— Work to be completed —
Please transcribe the listing below in full and word for word, without its pictures.

— Source material —
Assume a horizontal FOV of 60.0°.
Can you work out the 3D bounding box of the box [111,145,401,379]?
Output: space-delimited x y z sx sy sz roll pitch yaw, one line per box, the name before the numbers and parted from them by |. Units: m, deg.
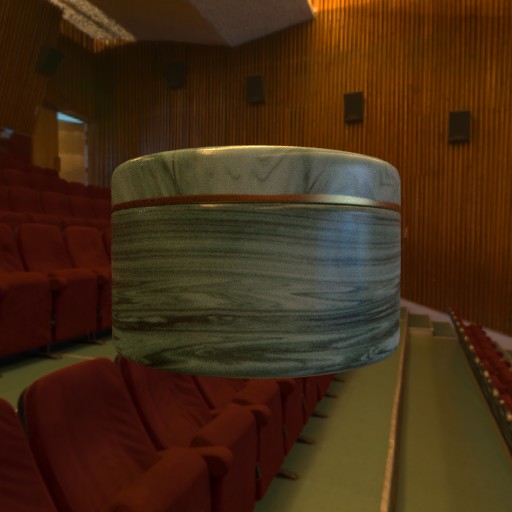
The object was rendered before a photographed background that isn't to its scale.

— Answer —
Assume a horizontal FOV of 60.0°.
Can you work out the 3D bounding box of the box [111,145,401,379]?
Output: space-delimited x y z sx sy sz roll pitch yaw, one line per box, the name before the numbers and parted from them by |. Units: m, deg.
The object was rendered before a photographed background that isn't to its scale.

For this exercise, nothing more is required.